> _TASK STATEMENT_
Among the records below, which lines contain the string "meters"? Report them.

> _DATA LISTING_
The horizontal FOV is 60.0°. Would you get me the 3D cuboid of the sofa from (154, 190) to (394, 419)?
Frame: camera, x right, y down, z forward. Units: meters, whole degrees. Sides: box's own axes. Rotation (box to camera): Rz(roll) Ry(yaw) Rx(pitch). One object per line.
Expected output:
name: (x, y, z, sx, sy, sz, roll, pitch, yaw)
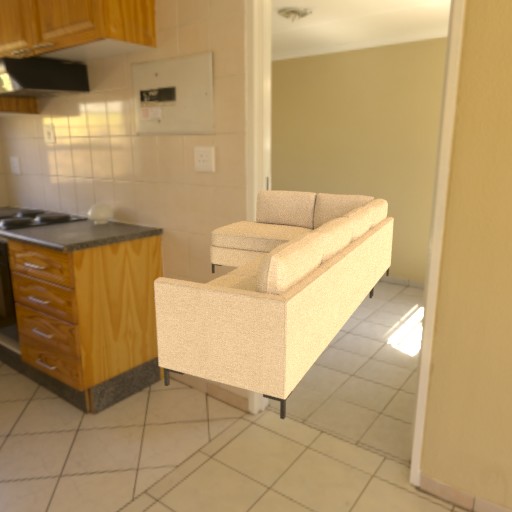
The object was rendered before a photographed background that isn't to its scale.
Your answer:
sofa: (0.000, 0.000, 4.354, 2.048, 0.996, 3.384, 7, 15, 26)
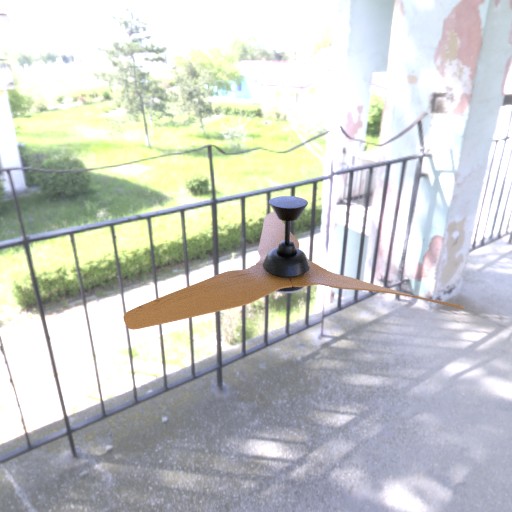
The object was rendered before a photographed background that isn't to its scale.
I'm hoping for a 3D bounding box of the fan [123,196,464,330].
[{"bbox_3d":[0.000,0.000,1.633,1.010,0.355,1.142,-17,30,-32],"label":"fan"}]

--

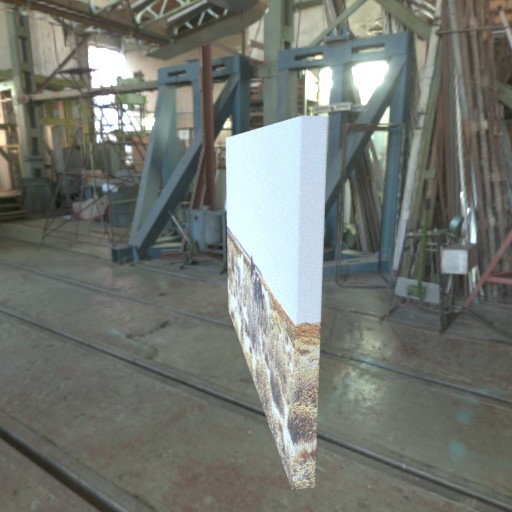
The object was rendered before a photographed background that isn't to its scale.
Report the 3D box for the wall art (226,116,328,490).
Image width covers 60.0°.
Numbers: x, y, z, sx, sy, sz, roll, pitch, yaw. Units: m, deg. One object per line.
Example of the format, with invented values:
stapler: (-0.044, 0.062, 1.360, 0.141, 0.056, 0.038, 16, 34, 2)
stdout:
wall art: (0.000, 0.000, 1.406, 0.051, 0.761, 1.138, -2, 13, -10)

* * *

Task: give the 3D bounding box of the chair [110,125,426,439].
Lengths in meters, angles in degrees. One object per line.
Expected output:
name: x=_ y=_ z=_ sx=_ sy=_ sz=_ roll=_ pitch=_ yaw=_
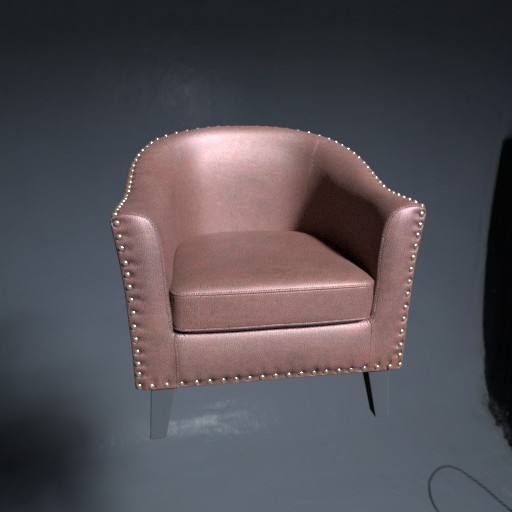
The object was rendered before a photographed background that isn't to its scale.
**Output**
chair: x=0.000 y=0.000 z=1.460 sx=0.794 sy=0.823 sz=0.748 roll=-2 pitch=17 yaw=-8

> _OUTPUT OF THE EXERCISE_
Frame: camera, x right, y down, z forward. Units: meters, whole degrees. Sides: box's own axes. Rotation (box to camera): Rz(roll) Ry(yaw) Rx(pitch). One object per line.
Lengths in meters, angles in degrees. One object per line.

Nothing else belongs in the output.